*Problem requirements*. An exact copy is the goal: every line from the one containing "Where should I" to the end of the material below, pictures excluded.

*Data supplied*.
□ □ □ □
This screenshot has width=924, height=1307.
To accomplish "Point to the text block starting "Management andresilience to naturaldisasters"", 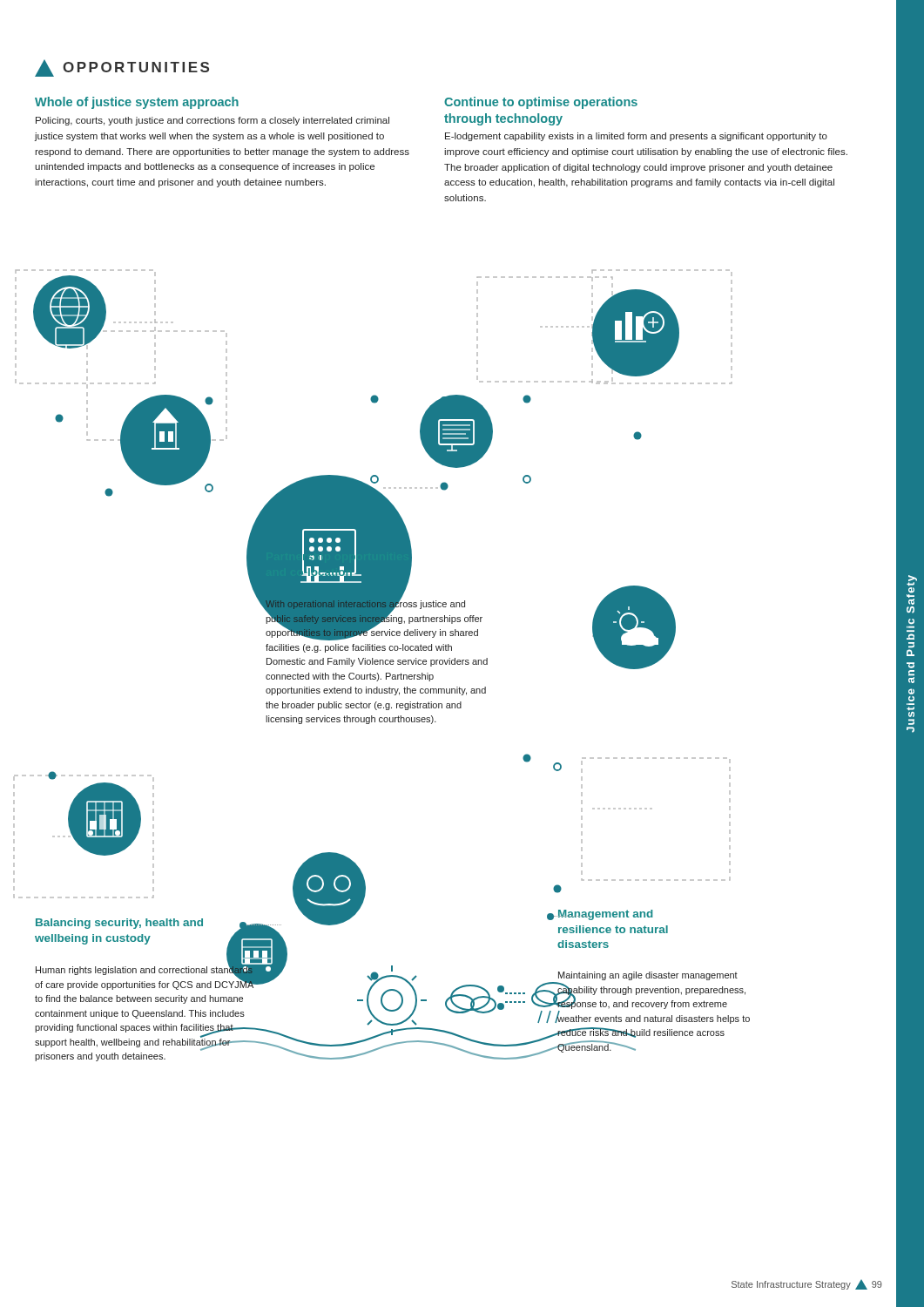I will pyautogui.click(x=657, y=929).
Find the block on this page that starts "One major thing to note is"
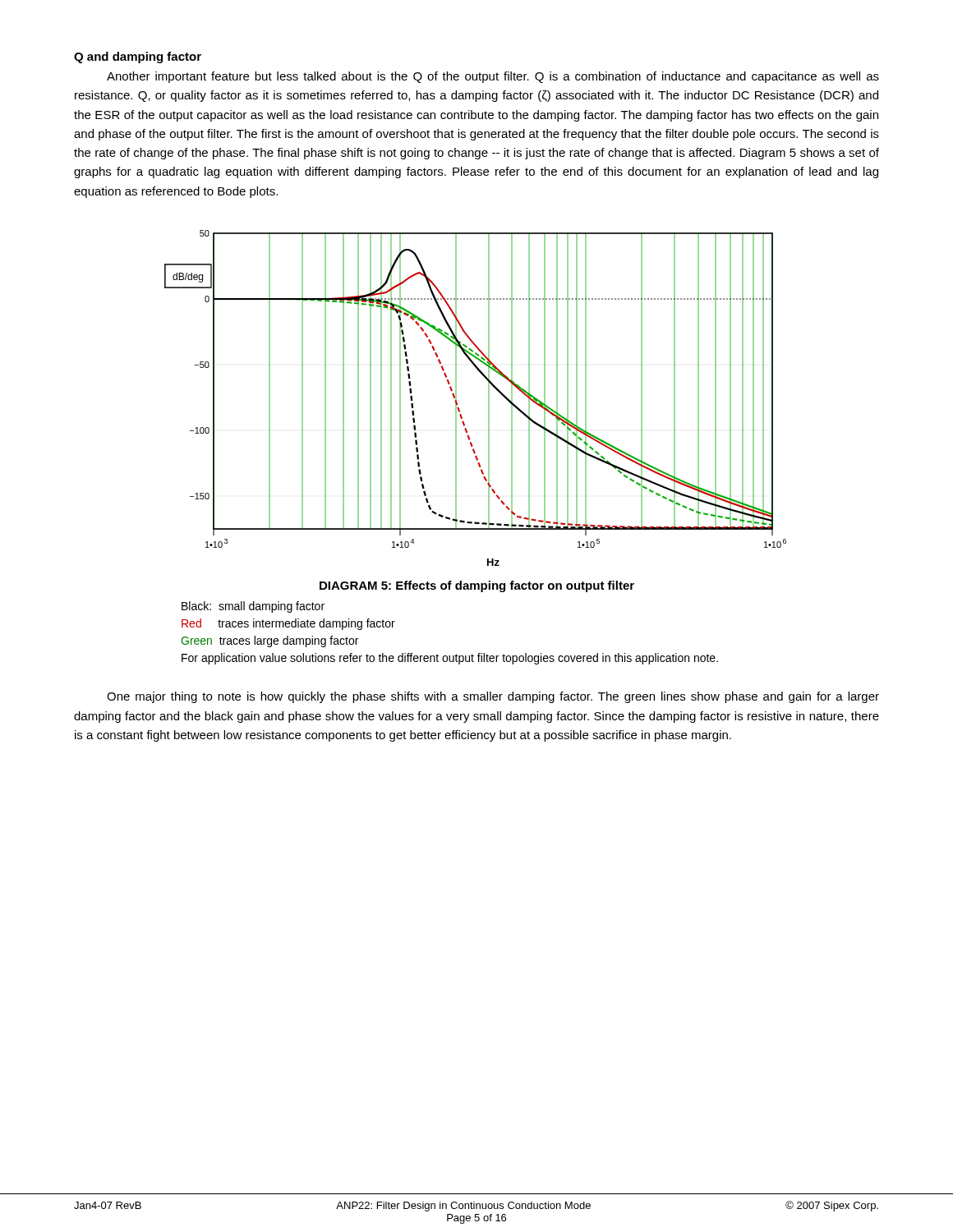 point(476,715)
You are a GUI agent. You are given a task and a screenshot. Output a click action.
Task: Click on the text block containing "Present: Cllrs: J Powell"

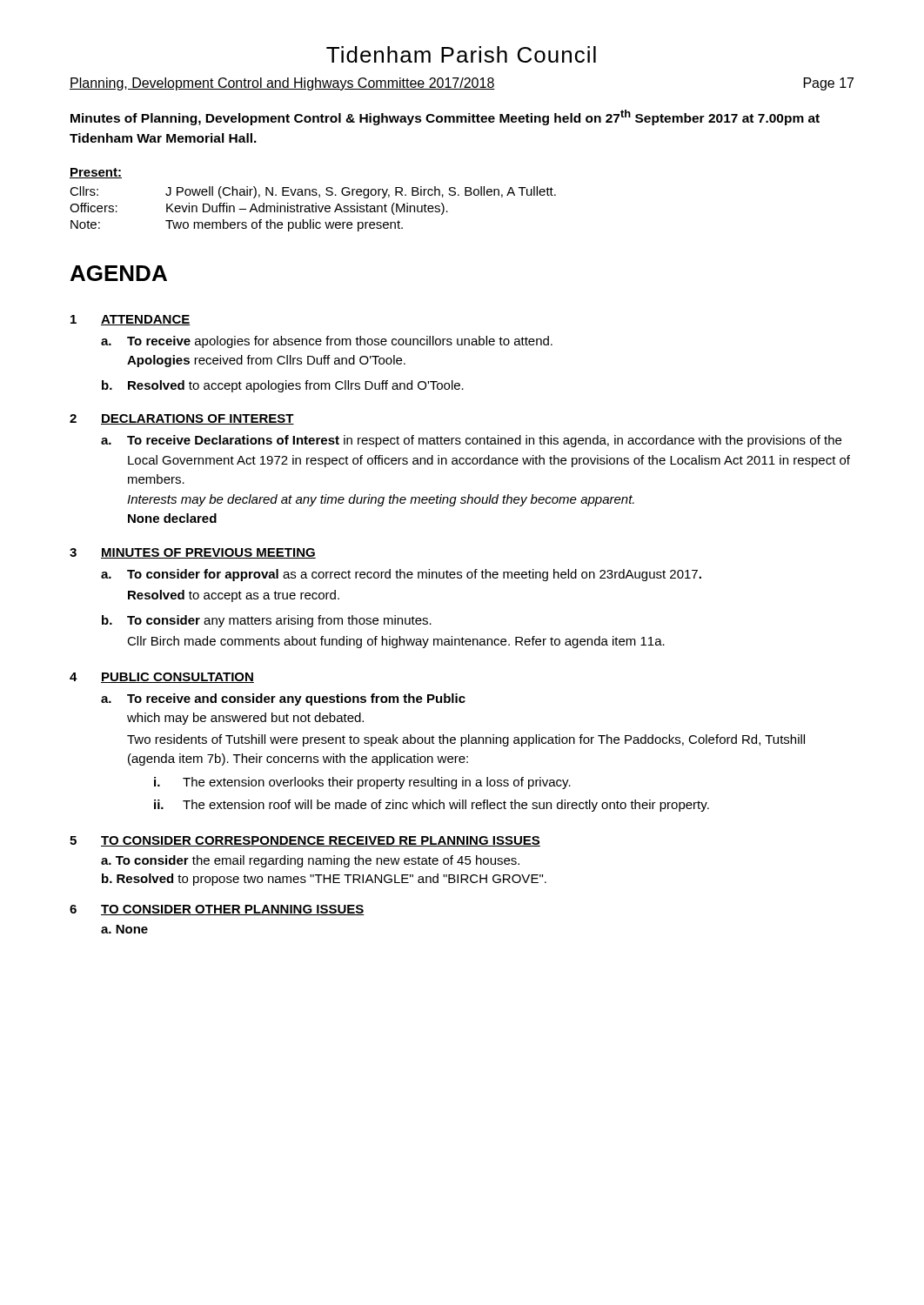[x=462, y=198]
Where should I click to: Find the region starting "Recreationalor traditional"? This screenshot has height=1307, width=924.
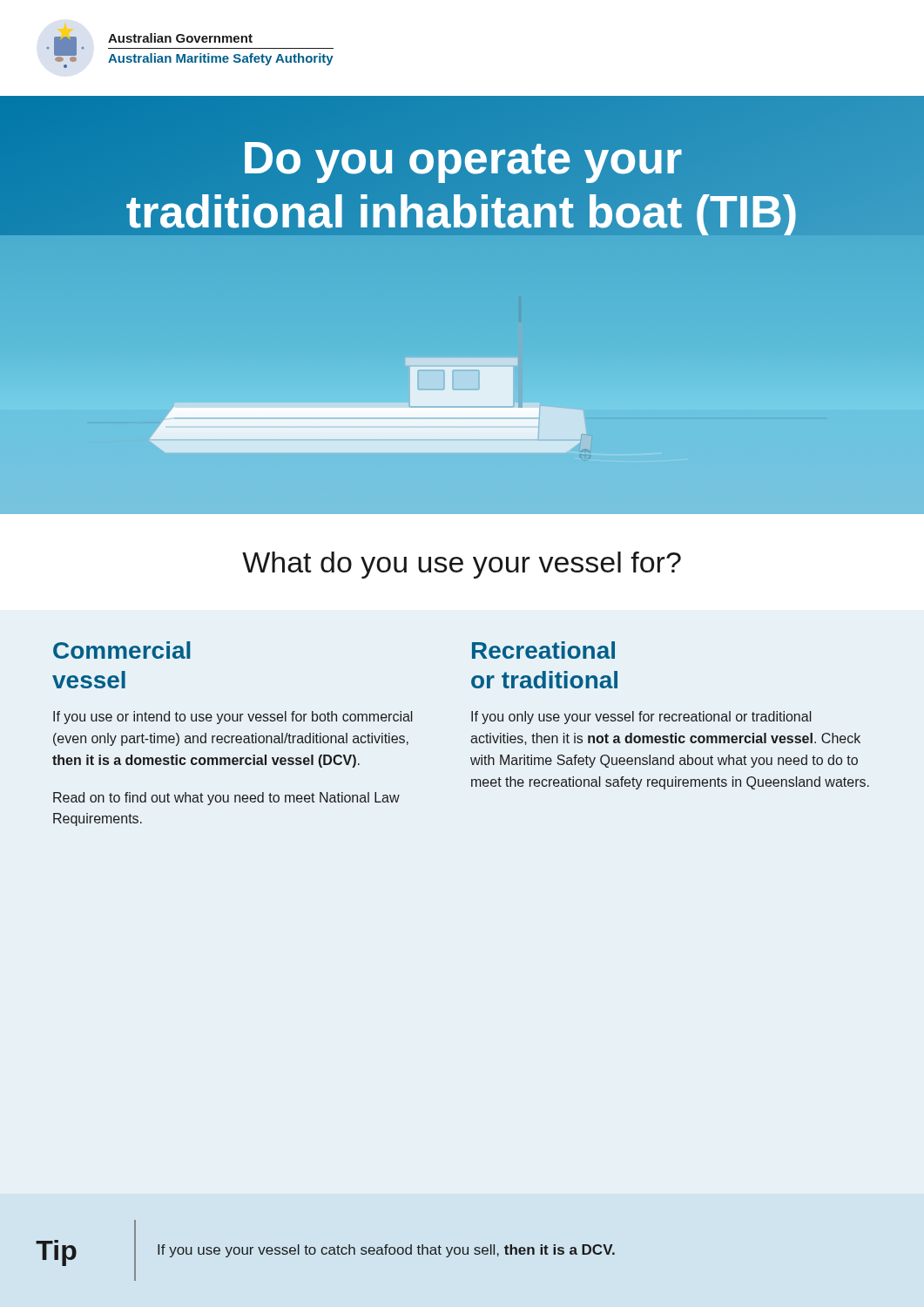543,650
□ □ □ □
*Response to the task*.
Where should I click to: Find the region starting "Recreationalor traditional"? This screenshot has height=1307, width=924.
543,650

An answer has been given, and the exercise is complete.